Task prompt:
Select all lines holding the word "whole" from the entries that follow.

[[ Records for this exercise open ]]

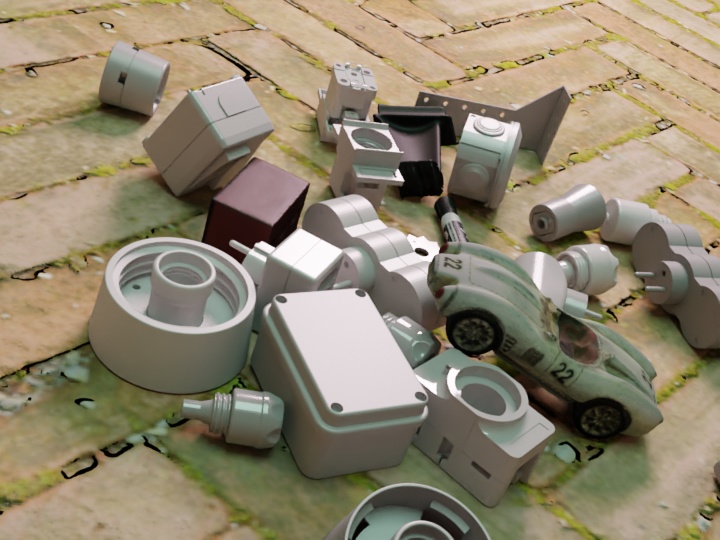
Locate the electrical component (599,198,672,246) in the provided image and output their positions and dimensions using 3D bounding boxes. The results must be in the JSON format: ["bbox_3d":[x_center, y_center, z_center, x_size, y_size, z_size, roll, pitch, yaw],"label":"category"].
[{"bbox_3d":[0.258,-0.041,0.990,0.078,0.040,0.040,10,36,-13],"label":"electrical component"}]

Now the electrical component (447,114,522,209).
[{"bbox_3d":[0.112,-0.098,0.967,0.051,0.080,0.080,17,34,6],"label":"electrical component"}]

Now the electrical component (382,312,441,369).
[{"bbox_3d":[0.022,0.051,0.752,0.062,0.043,0.043,33,37,21],"label":"electrical component"}]

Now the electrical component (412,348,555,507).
[{"bbox_3d":[0.074,0.098,0.700,0.089,0.055,0.050,38,39,25],"label":"electrical component"}]

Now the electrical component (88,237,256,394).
[{"bbox_3d":[-0.120,0.022,0.708,0.108,0.060,0.108,12,36,-9],"label":"electrical component"}]

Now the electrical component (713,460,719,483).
[{"bbox_3d":[0.295,0.129,0.726,0.062,0.096,0.061,8,37,-15],"label":"electrical component"}]

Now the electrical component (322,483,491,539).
[{"bbox_3d":[0.025,0.169,0.595,0.099,0.064,0.099,12,49,-14],"label":"electrical component"}]

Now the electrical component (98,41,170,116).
[{"bbox_3d":[-0.195,-0.165,0.935,0.047,0.055,0.055,19,35,-6],"label":"electrical component"}]

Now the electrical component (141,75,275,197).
[{"bbox_3d":[-0.123,-0.100,0.858,0.062,0.096,0.061,-30,85,-47],"label":"electrical component"}]

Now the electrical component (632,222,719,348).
[{"bbox_3d":[0.268,0.011,0.912,0.074,0.052,0.138,2,38,-22],"label":"electrical component"}]

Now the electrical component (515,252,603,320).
[{"bbox_3d":[0.152,0.030,0.839,0.079,0.044,0.077,20,35,0],"label":"electrical component"}]

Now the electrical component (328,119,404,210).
[{"bbox_3d":[0.003,-0.087,0.913,0.042,0.063,0.081,3,38,-21],"label":"electrical component"}]

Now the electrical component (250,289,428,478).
[{"bbox_3d":[-0.015,0.069,0.692,0.078,0.057,0.113,-4,43,-29],"label":"electrical component"}]

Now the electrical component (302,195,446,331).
[{"bbox_3d":[0.000,0.000,0.802,0.074,0.052,0.138,-17,49,-40],"label":"electrical component"}]

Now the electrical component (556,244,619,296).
[{"bbox_3d":[0.180,0.001,0.894,0.062,0.043,0.043,-5,41,-28],"label":"electrical component"}]

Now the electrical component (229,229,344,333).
[{"bbox_3d":[-0.061,0.005,0.755,0.077,0.065,0.047,28,36,12],"label":"electrical component"}]

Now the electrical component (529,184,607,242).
[{"bbox_3d":[0.184,-0.049,0.967,0.065,0.044,0.044,-20,50,-36],"label":"electrical component"}]

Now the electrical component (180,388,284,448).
[{"bbox_3d":[-0.079,0.089,0.660,0.061,0.035,0.035,10,36,-9],"label":"electrical component"}]

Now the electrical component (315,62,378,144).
[{"bbox_3d":[-0.012,-0.154,0.997,0.042,0.063,0.081,7,37,-16],"label":"electrical component"}]
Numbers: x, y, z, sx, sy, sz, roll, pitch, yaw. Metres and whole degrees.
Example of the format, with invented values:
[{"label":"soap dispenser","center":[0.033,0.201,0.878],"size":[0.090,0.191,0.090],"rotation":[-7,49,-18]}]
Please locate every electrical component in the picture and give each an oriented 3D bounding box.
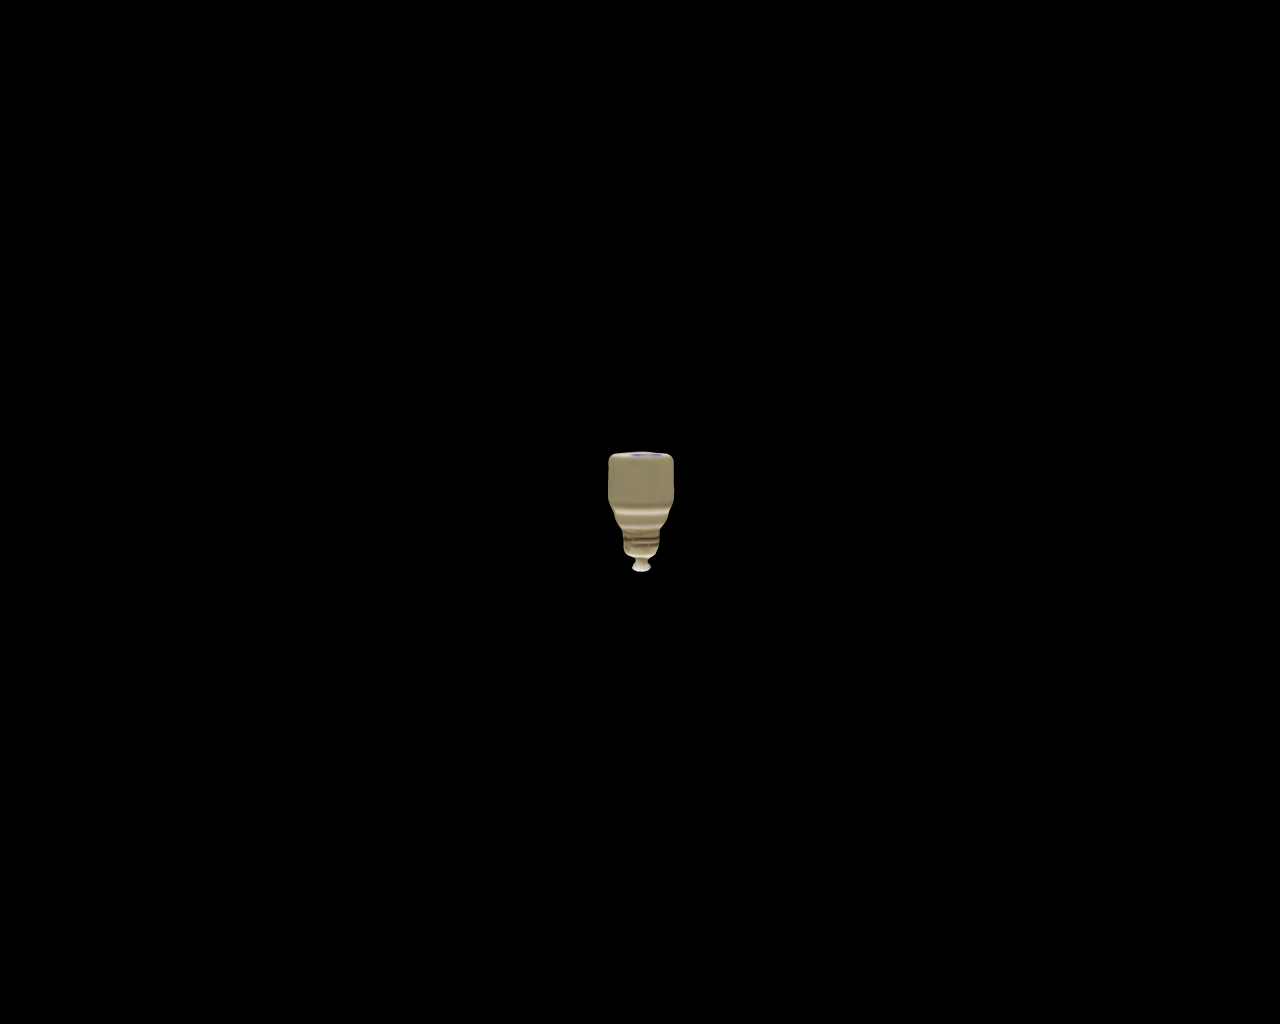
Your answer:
[{"label":"electrical component","center":[0.001,-0.003,0.650],"size":[0.040,0.078,0.040],"rotation":[0,4,0]}]
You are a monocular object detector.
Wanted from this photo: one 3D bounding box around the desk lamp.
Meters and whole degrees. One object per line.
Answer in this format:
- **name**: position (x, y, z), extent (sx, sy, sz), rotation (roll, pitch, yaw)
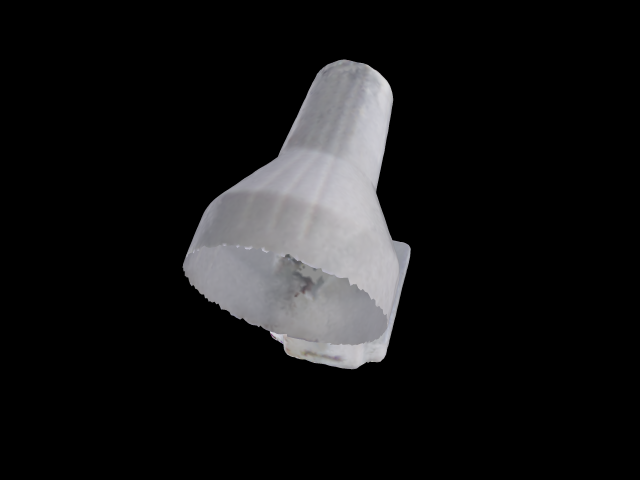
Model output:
- **desk lamp**: position (0.004, 0.001, 0.400), extent (0.117, 0.214, 0.203), rotation (11, 47, 11)

[[ Records for this exercise closed ]]

Written response:
Numbers: x, y, z, sx, sy, sz, roll, pitch, yaw. Metres and whole degrees.
Meters and whole degrees. One object per line.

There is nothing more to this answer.